17A Adjournment of inquest in event of judicial inquiry.

(1)If on an inquest into a death the coroner is informed by the Lord Chancellor before the conclusion of the inquest that—

(a)a public inquiry conducted or chaired by a judge is being, or is to be, held into the events surrounding the death; and

(b)the Lord Chancellor considers that the cause of death is likely to be adequately investigated by the inquiry,

the coroner shall, in the absence of any exceptional reason to the contrary, adjourn the inquest and, if a jury has been summoned, may, if he thinks fit, discharge them.

(2)Where a coroner adjourns an inquest in compliance with subsection (1) above, he shall send to the registrar of deaths a certificate under his hand stating, so far as they have been ascertained at the date of the certificate, the particulars which under the 1953 Act are required to be registered concerning the death.   
 


Note in Clause (1)(b) the words "cause" and "adequately".  As we know the Inquiry was mainly focused on the politics surrounding Dr Kelly's death, the clause quoted is just about the cause of death.  Did Lord Falconer really consider the Inquiry procedure adequate - it turned out that it was a friendly chat across the table sort of affair with no rigour at all, if for instance a witness decided to lie well, that wouldn't be a problem. If witnesses produced conflicting testimonies so what?  It's clear that the Inquiry failed in respect of (1)(b).

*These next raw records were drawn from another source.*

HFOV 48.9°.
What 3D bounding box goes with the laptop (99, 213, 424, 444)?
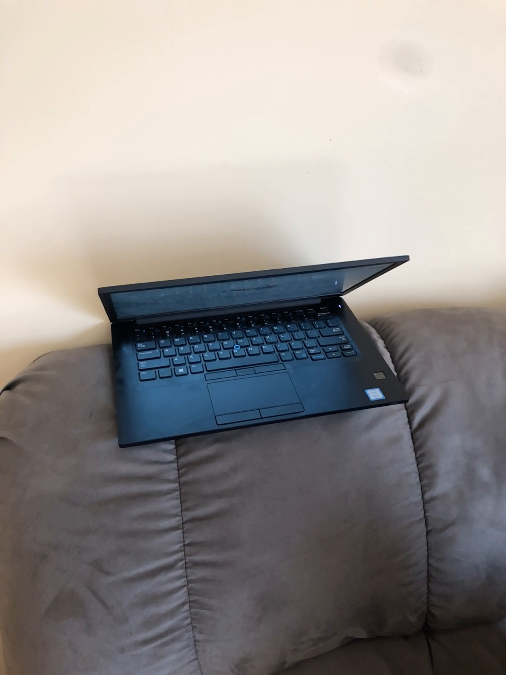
[{"bbox_3d":[-0.006,-0.028,0.654,0.321,0.128,0.214,-7,36,-12],"label":"laptop"}]
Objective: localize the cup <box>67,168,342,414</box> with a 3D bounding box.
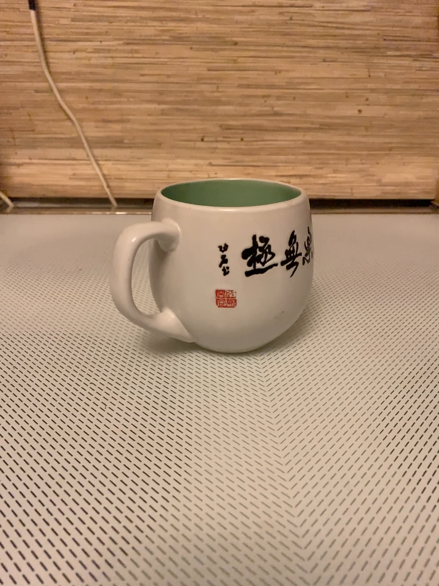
[{"bbox_3d":[-0.004,-0.015,0.264,0.088,0.091,0.124,19,28,37],"label":"cup"}]
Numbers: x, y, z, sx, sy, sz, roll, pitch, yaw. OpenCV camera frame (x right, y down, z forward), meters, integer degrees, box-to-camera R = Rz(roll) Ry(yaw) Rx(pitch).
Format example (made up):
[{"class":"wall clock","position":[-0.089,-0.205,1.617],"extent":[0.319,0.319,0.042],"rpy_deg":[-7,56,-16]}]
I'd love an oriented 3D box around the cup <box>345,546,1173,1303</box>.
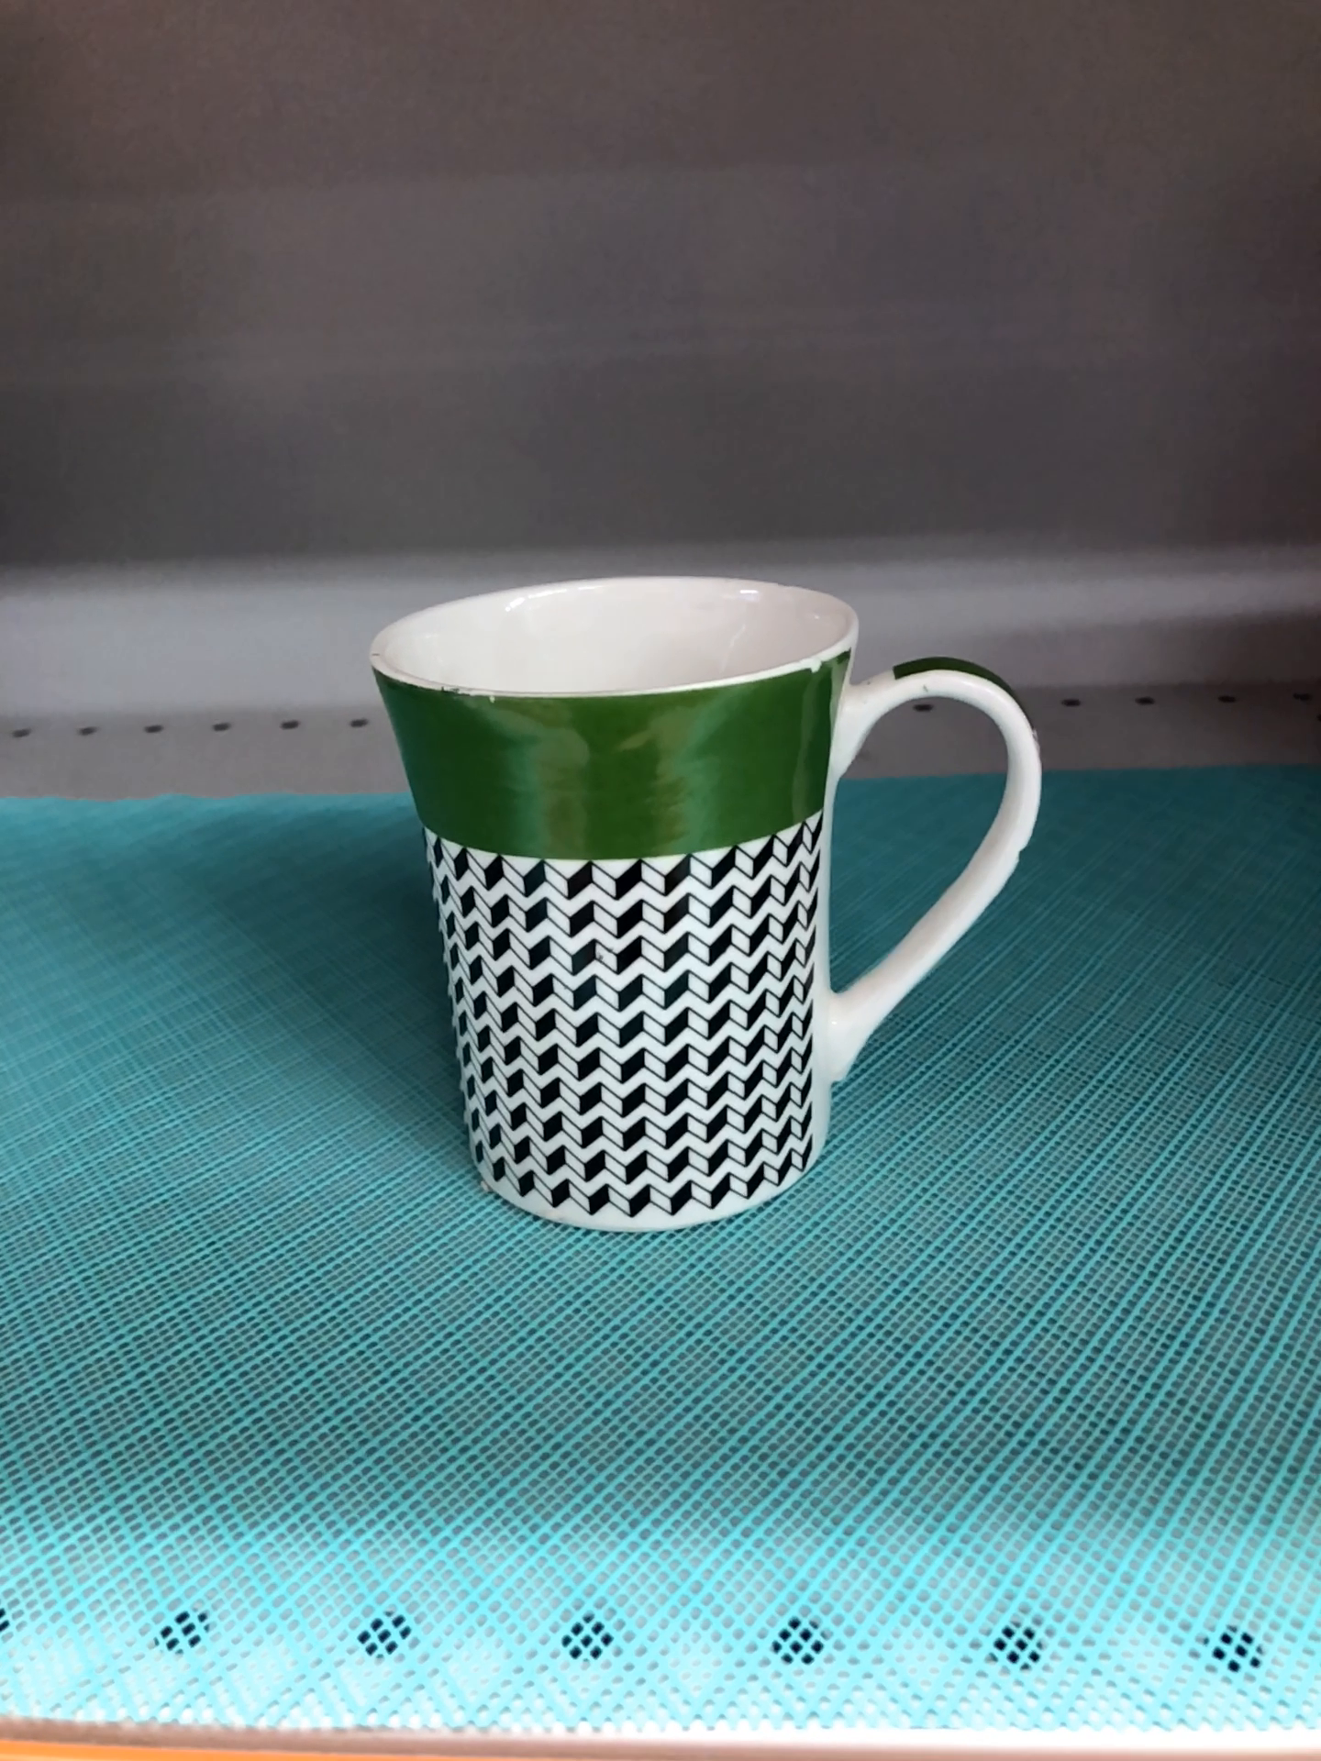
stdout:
[{"class":"cup","position":[0.014,0.002,0.251],"extent":[0.110,0.099,0.080],"rpy_deg":[-2,22,-1]}]
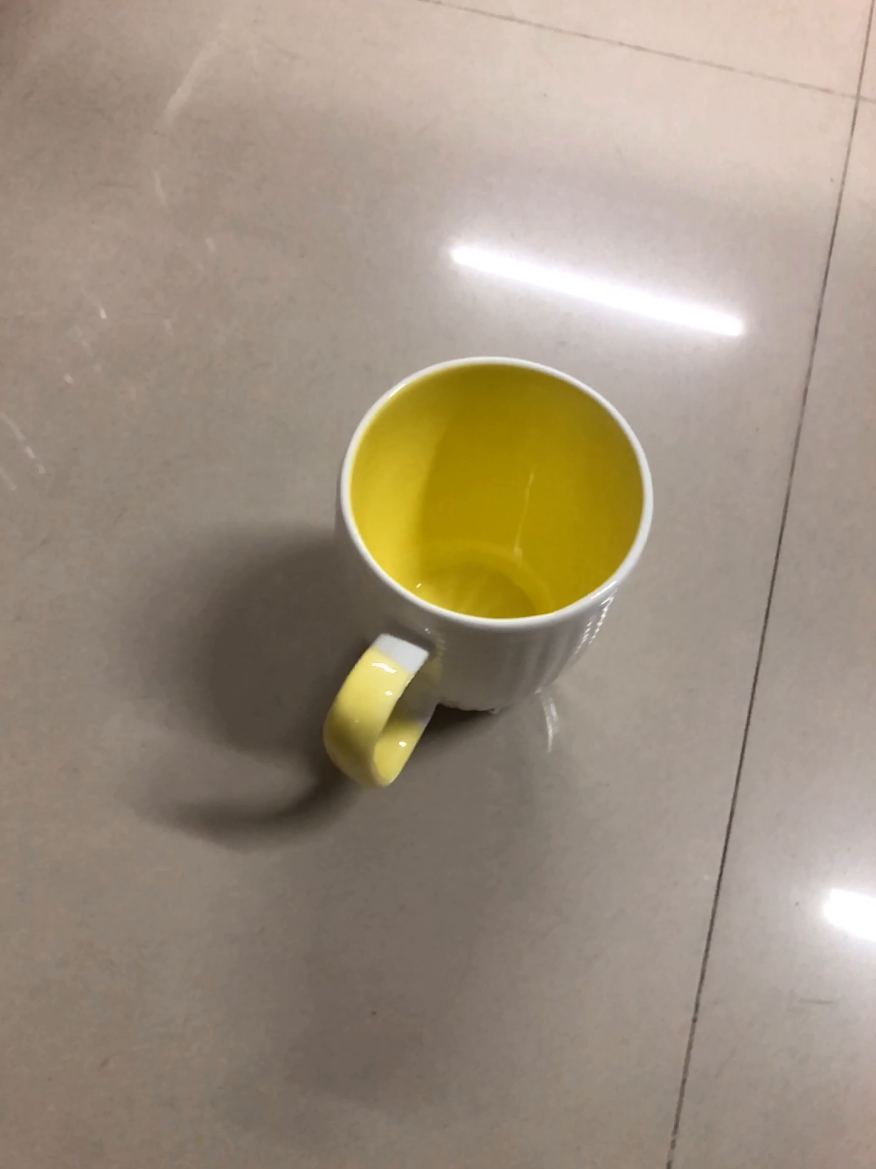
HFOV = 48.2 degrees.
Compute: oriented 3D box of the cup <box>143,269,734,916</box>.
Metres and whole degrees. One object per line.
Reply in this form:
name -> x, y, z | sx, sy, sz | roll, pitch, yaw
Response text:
cup -> 0.004, 0.004, 0.249 | 0.080, 0.080, 0.120 | 27, 67, 11
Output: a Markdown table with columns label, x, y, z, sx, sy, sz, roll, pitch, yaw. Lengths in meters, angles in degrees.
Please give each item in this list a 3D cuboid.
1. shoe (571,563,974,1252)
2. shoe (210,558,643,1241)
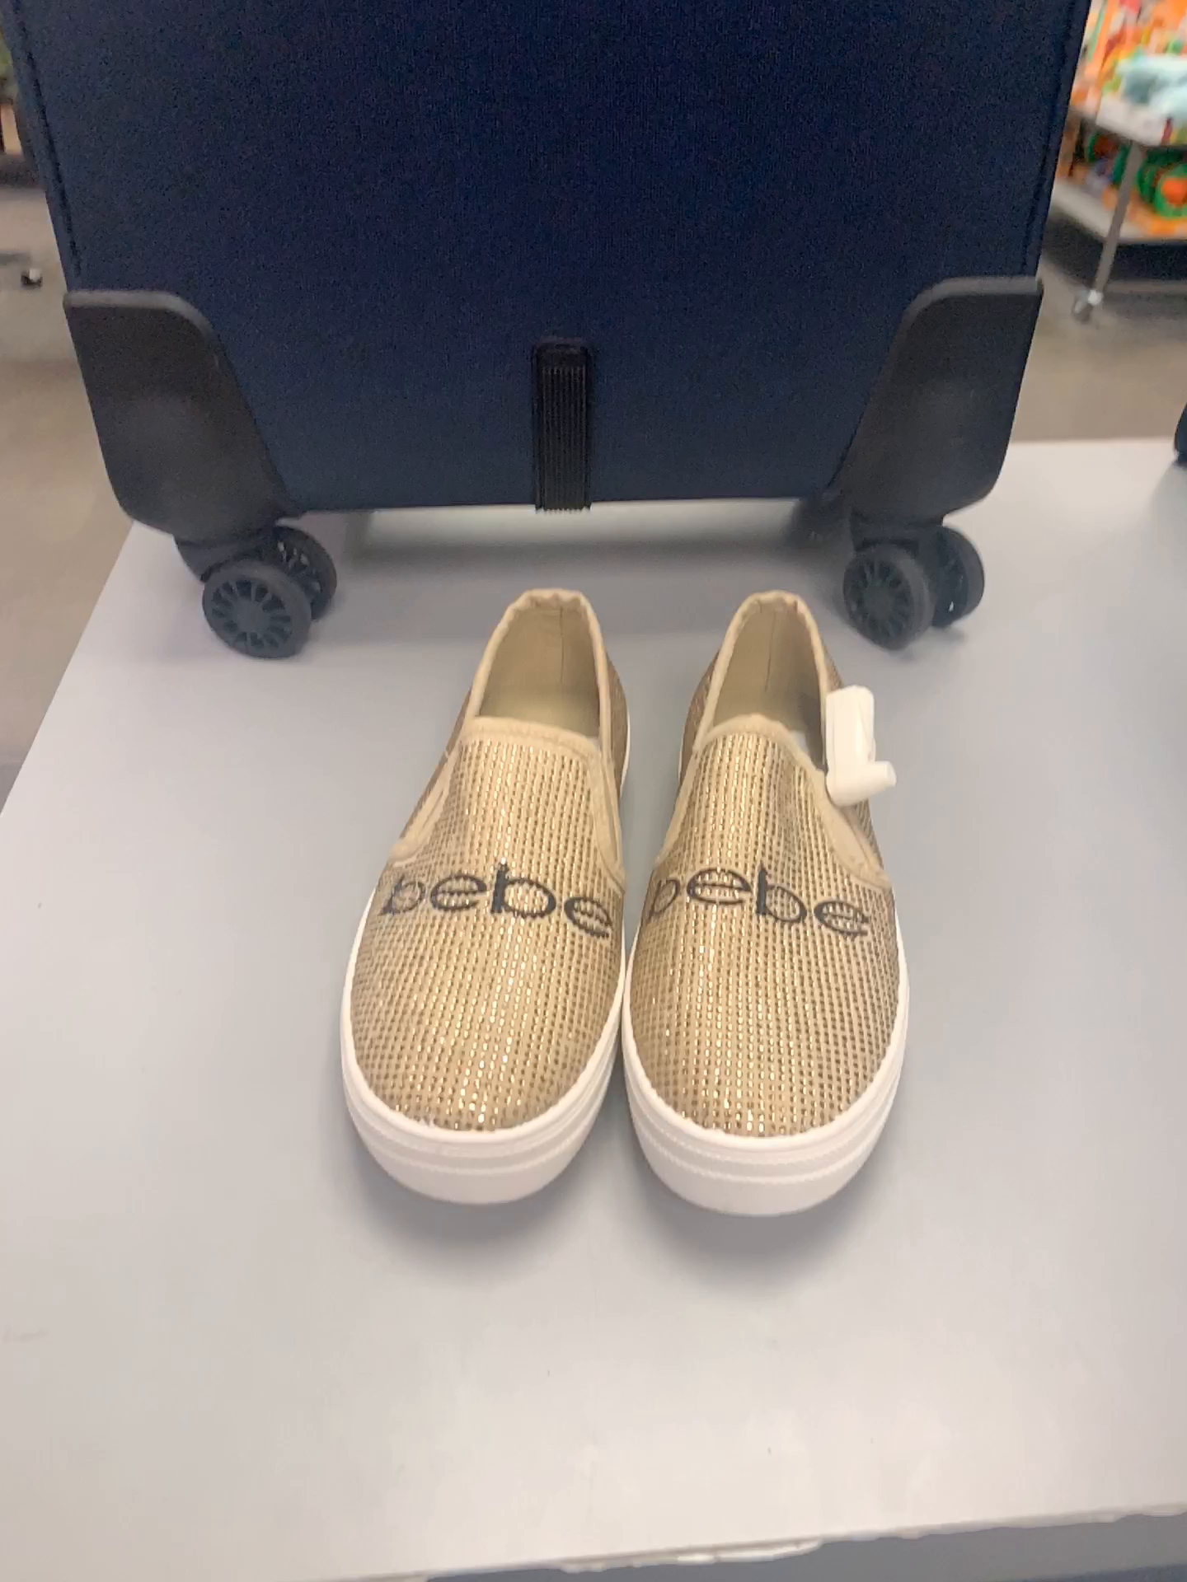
| label | x | y | z | sx | sy | sz | roll | pitch | yaw |
| --- | --- | --- | --- | --- | --- | --- | --- | --- | --- |
| shoe | 0.051 | 0.021 | 0.396 | 0.093 | 0.086 | 0.224 | 2 | 41 | 4 |
| shoe | -0.036 | 0.019 | 0.398 | 0.093 | 0.086 | 0.224 | 2 | 41 | 4 |
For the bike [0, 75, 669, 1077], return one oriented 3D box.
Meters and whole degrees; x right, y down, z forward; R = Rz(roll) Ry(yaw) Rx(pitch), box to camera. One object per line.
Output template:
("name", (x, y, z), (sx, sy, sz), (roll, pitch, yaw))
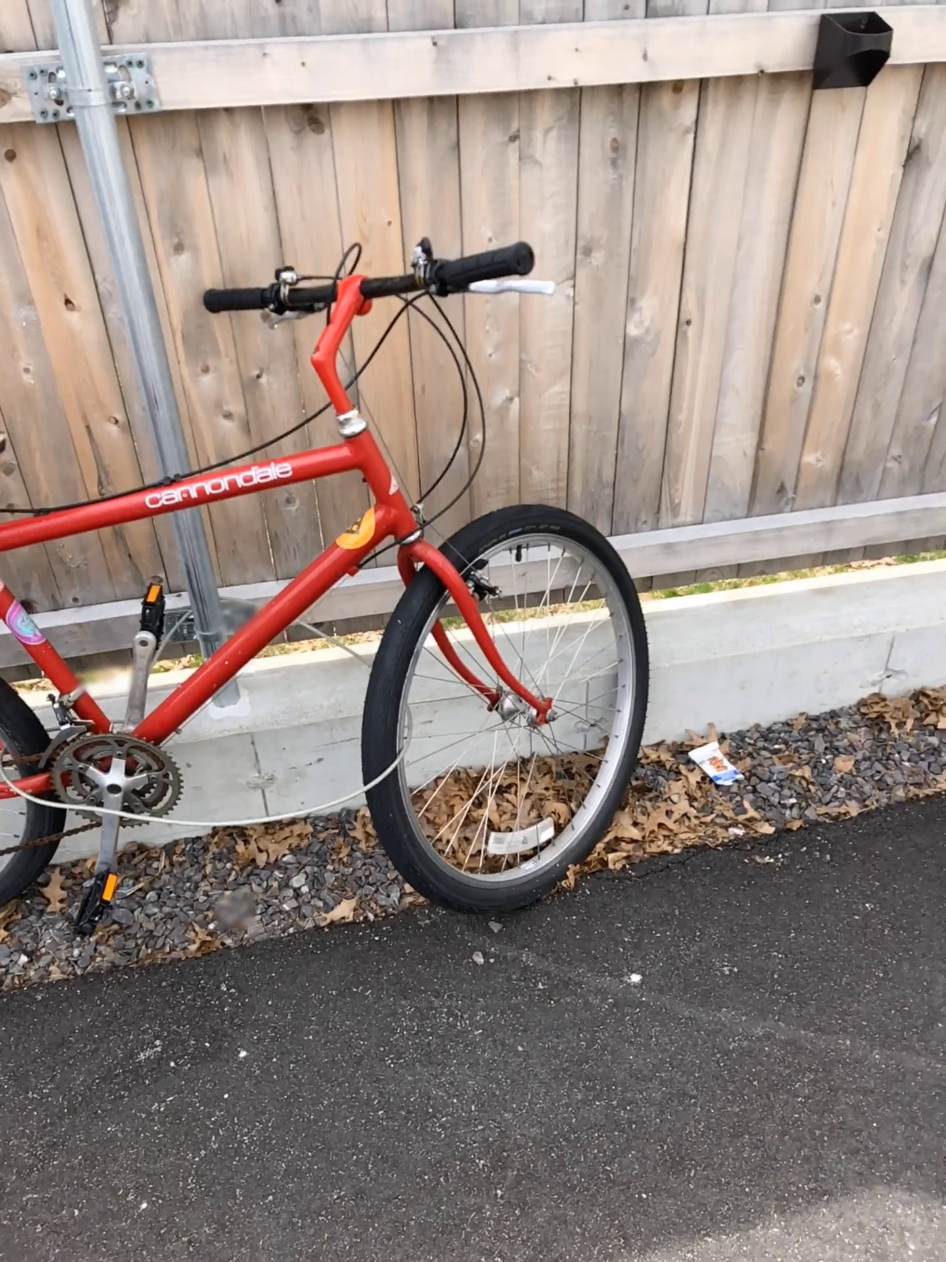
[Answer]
("bike", (-0.508, -0.112, 1.521), (1.474, 1.001, 0.596), (-11, 35, -7))

On to Clause (2) and I concede that the coroner had a bit of a problem here.  He could argue that he was bound by the provisions of the Act to ascertain cause of death from the Forensic Pathologist and at least insert this information and then send the certificate, even if incomplete, to the Registrar.  We have to be clear that the cause of death is purely recording the physical cause of death as considered by the pathologist and not stating whether suicide or murder.  The trouble with Clause (2) I believe is that the drafter wouldn't have envisaged the way the Act would have been misapplied by the government.  Certainly you can see the logic when you think about one example where Section 17(A) had been used justifiably: the murder of over 300 people by Dr Shipman.  There it makes sense but as I say in the case of Dr David Kelly it doesn't in my opinion.